Wednesday 19 August 2009

Western imperialism after WW2

A major challenge for Cliff, arriving in Britain after World War Two, was explaining the relative lack of economic depravation. While there was still poverty, it clearly wasn't a re-run of the hungry 30s, an era of mass unemployment.

This was a puzzle because Trotsky, who died in 1940, had predicted a crisis for capitalism after the war. Orthodox Trotskyists assumed Trotsky must have been right so - despite the evidence of their own eyes - they clung to the belief that the system was entering, or about to enter, a crisis.

Posted item #12 'The permanent arms economy'

Cliff realised that if theory and reality don't match it must be the theory that's wrong - so he set about developing an explanation for the emerging post-war boom. Together with Michael Kidron, a young comrade in the International Socialists, he evolved an account - in the second half of the 1950s and early 60s - of postwar Western capitalism.

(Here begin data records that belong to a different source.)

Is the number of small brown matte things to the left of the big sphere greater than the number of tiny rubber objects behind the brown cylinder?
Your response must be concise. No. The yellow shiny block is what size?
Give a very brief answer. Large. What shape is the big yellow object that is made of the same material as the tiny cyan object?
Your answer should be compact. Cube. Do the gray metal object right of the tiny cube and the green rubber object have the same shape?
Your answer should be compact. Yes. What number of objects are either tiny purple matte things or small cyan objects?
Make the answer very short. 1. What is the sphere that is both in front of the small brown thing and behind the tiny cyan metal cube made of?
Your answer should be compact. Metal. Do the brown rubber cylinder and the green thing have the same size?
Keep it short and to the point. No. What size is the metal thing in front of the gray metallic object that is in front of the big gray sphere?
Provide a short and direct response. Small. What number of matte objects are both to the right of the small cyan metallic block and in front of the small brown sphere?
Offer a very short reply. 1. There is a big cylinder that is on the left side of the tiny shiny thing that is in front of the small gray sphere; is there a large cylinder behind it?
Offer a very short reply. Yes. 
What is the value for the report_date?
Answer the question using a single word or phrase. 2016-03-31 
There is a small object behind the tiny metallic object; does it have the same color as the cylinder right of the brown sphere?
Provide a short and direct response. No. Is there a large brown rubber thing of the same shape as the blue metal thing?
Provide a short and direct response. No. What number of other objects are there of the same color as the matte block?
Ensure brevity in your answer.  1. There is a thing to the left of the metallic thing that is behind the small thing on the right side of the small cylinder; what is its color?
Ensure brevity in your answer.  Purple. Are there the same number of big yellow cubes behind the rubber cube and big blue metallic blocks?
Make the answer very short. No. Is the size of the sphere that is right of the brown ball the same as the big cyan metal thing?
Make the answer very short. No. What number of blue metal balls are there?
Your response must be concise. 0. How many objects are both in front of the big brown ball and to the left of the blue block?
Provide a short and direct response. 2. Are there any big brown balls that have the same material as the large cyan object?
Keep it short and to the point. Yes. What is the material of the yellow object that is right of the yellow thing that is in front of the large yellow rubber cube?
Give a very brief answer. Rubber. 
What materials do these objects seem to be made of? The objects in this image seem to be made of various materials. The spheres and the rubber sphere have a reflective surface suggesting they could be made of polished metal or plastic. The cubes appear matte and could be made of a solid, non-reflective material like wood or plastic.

This account explained the boom, but also pointed to the system's underlying instability - the prosperity couldn't last forever, and at some stage there would be a return to the cycle of boom and slump. When the global economy entered recession in around 1973 Cliff and Kidron were proved absolutely right.

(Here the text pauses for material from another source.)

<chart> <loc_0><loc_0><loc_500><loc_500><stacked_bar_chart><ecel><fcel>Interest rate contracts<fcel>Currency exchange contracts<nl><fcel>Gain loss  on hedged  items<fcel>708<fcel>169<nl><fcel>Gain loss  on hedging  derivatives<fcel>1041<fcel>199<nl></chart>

Their account was labelled a 'theory of permanent arms economy', as it emphasised the role of mass investment in arms production - especially from the US, by now economically dominant - in sustaining the boom. Along with the theory of state capitalism (which explained the Soviet Union and Eastern Europe) and his account of 'deflected permanent revolution' (which made sense of changes in large parts of the 'Third World'), Cliff's analysis of Western post-war society provided an overall picture of the world system.

This theoretical troika enabled IS supporters to remain firm and consistent in a politically difficult climate. The left was dominated by supporters of offical Communism or those who subscribed to reformism - at a time of stability and prosperity for Western workers, there was little opening for a revolutionary anti-capitalist alternative. But the steadfastness and patient work of IS activists in the 50s and 60s laid the basis for larger-scale poltical interventions in the crisis-ridden 70s and beyond.